Mercury vapour will glow if placed in a tube in which electrons are accelerated down it by applying an accelerating potential difference across the tube.

This happens because the mercury atoms are excited to higher energy states by colliding electrons.

When mercury de-excites it emits photons giving rise to the glow in the discharge tube.

Mercury will absorb energy at 4.87 eV when a ground state electron rises to the first available excited state.

This energy is absorbed from the kinetic energy of the colliding accelerated electron.

The accelerated electron will slow down as its kinetic has been reduced.

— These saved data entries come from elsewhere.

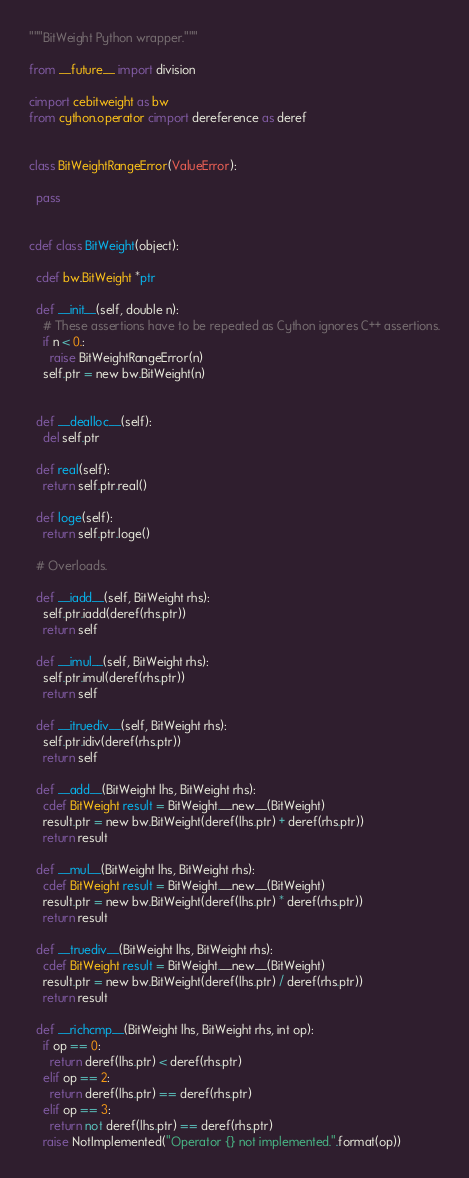Convert code to text. <code><loc_0><loc_0><loc_500><loc_500><_Cython_>"""BitWeight Python wrapper."""

from __future__ import division

cimport cebitweight as bw
from cython.operator cimport dereference as deref


class BitWeightRangeError(ValueError):

  pass


cdef class BitWeight(object):

  cdef bw.BitWeight *ptr
	
  def __init__(self, double n):
    # These assertions have to be repeated as Cython ignores C++ assertions.
    if n < 0.:
      raise BitWeightRangeError(n)
    self.ptr = new bw.BitWeight(n) 
	

  def __dealloc__(self):
    del self.ptr

  def real(self):
    return self.ptr.real()

  def loge(self):
    return self.ptr.loge()
	
  # Overloads.

  def __iadd__(self, BitWeight rhs):
    self.ptr.iadd(deref(rhs.ptr))
    return self

  def __imul__(self, BitWeight rhs):
    self.ptr.imul(deref(rhs.ptr))
    return self

  def __itruediv__(self, BitWeight rhs):
    self.ptr.idiv(deref(rhs.ptr))
    return self

  def __add__(BitWeight lhs, BitWeight rhs):
    cdef BitWeight result = BitWeight.__new__(BitWeight)
    result.ptr = new bw.BitWeight(deref(lhs.ptr) + deref(rhs.ptr))
    return result

  def __mul__(BitWeight lhs, BitWeight rhs):
    cdef BitWeight result = BitWeight.__new__(BitWeight)
    result.ptr = new bw.BitWeight(deref(lhs.ptr) * deref(rhs.ptr))
    return result

  def __truediv__(BitWeight lhs, BitWeight rhs):
    cdef BitWeight result = BitWeight.__new__(BitWeight)
    result.ptr = new bw.BitWeight(deref(lhs.ptr) / deref(rhs.ptr))
    return result

  def __richcmp__(BitWeight lhs, BitWeight rhs, int op):
    if op == 0:
      return deref(lhs.ptr) < deref(rhs.ptr)
    elif op == 2:
      return deref(lhs.ptr) == deref(rhs.ptr)
    elif op == 3:
      return not deref(lhs.ptr) == deref(rhs.ptr)
    raise NotImplemented("Operator {} not implemented.".format(op))
</code> 
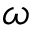<formula> <loc_0><loc_0><loc_500><loc_500>\omega</formula> 
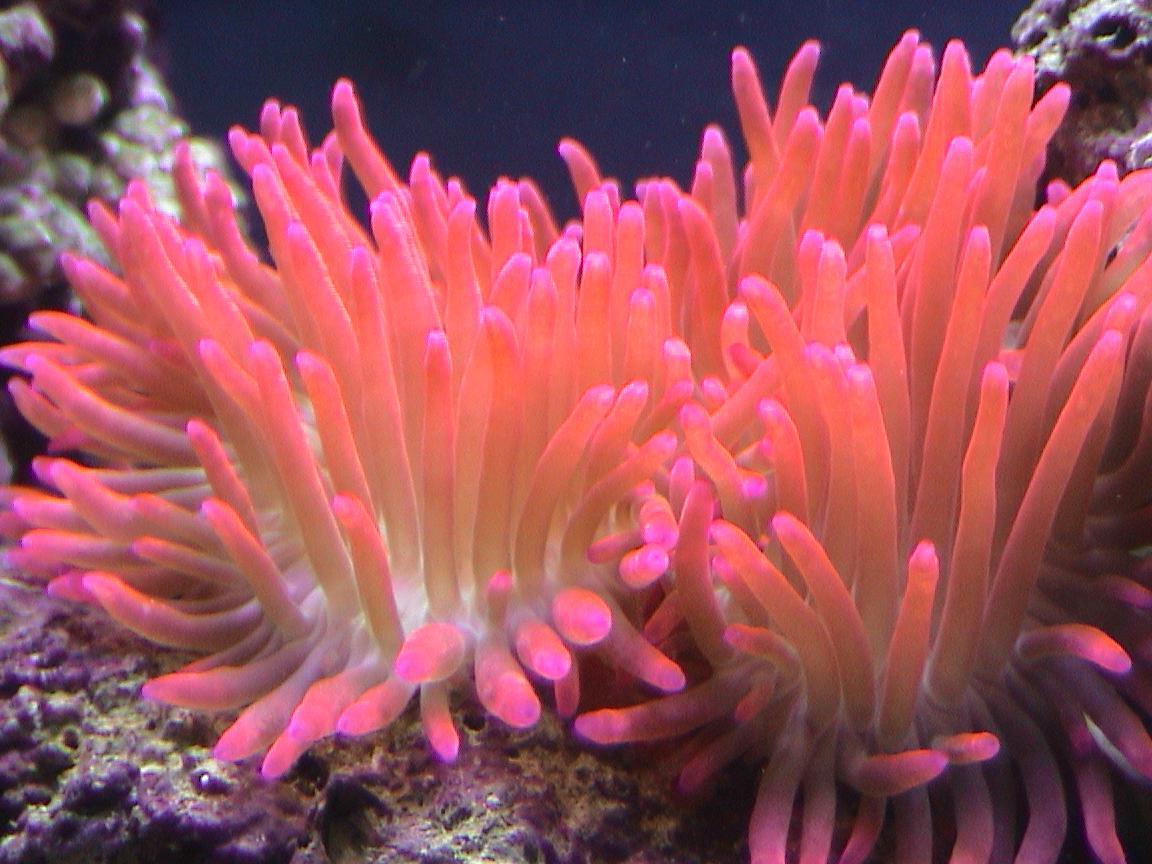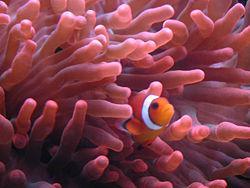The first image is the image on the left, the second image is the image on the right. For the images shown, is this caption "The right image shows a pinkish anemone with a fish in its tendrils." true? Answer yes or no. Yes. The first image is the image on the left, the second image is the image on the right. Given the left and right images, does the statement "In one image, there is a black and white striped fish visible near a sea anemone" hold true? Answer yes or no. No. 
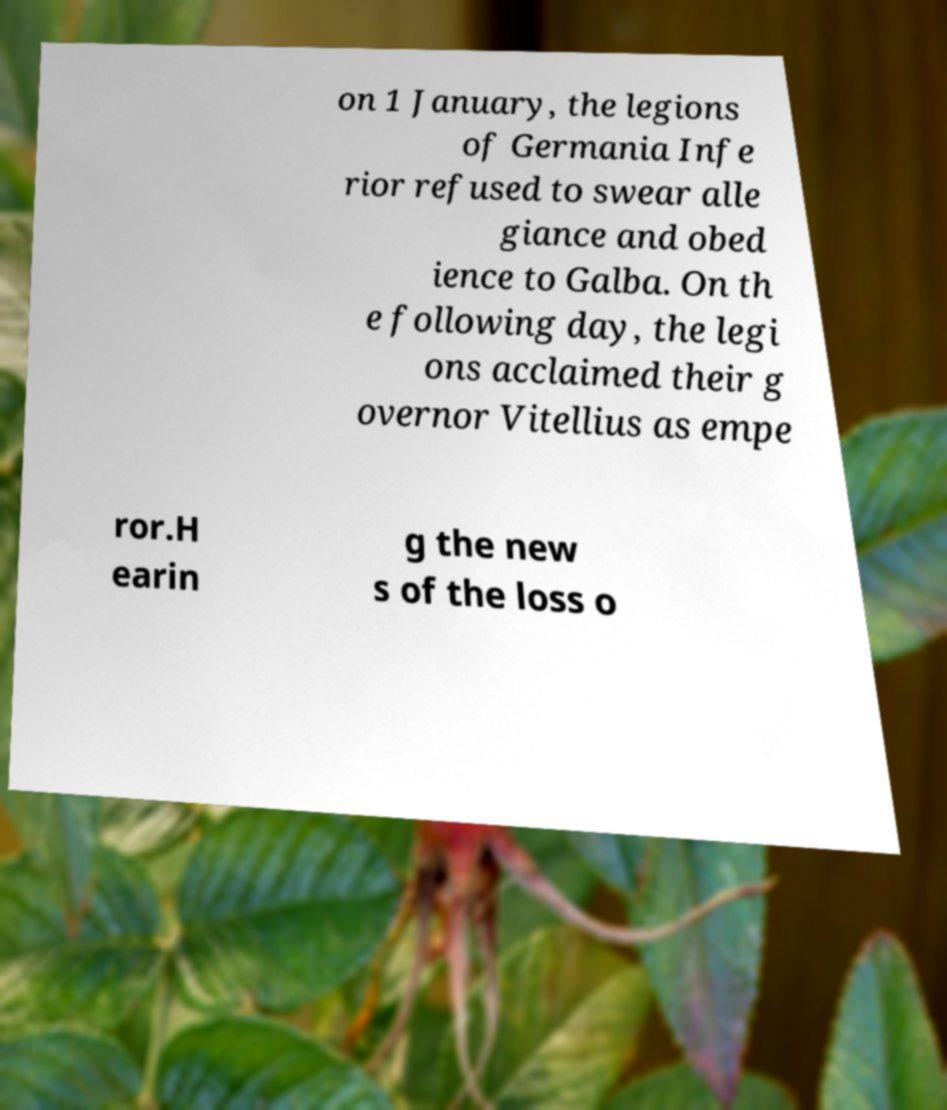Please identify and transcribe the text found in this image. on 1 January, the legions of Germania Infe rior refused to swear alle giance and obed ience to Galba. On th e following day, the legi ons acclaimed their g overnor Vitellius as empe ror.H earin g the new s of the loss o

If a colliding electron with kinetic energy 7.20 eV impacts a mercury atom it will leave with

$$ KE_{after} = KE_{before} - 4.87 \text{eV} $$

$$ KE_{after} = 2.33 \text{eV} $$

The experiment Franck and Hertz conducted passd current through a mercury vapour at high temperature and pressure.

The drops in current indicated the accelerated electrons had lost energy as they passed through the gas.

This experiment carried out in 1914 is credited as the first direct evidence for the quantisation of atoms energy states.

Notice the regular repeating pattern in voltage. Why does the pattern repeat?

The mercury atoms de-excite quickly after the collision.

To get back down to the ground state the atoms release a photon equal to the energy between the ernegy levels.

$$ hf = E_2 - E_1 $$

$$ hf = 4.87 \text{ eV} $$

$$ f = \frac{4.87 \times 1.6 \times 10^{-19}}{6.6 \times 10^{-34}} $$

$$ f = 1.81 \times 10^{15} \text{ Hz} $$

$$ \lambda = \frac{c}{f} $$

$$ \lambda = 254 \text{ nm} $$

This is an ultra violet photon.

In a mercury vapour lamp the outside of the lamp is coated in a phosphor powder. The powder will fluoresce in the visible if ultra violet is incident on it.

This allows the ultra violet photons to be converted into visible light so that the lamp can be a source of white light.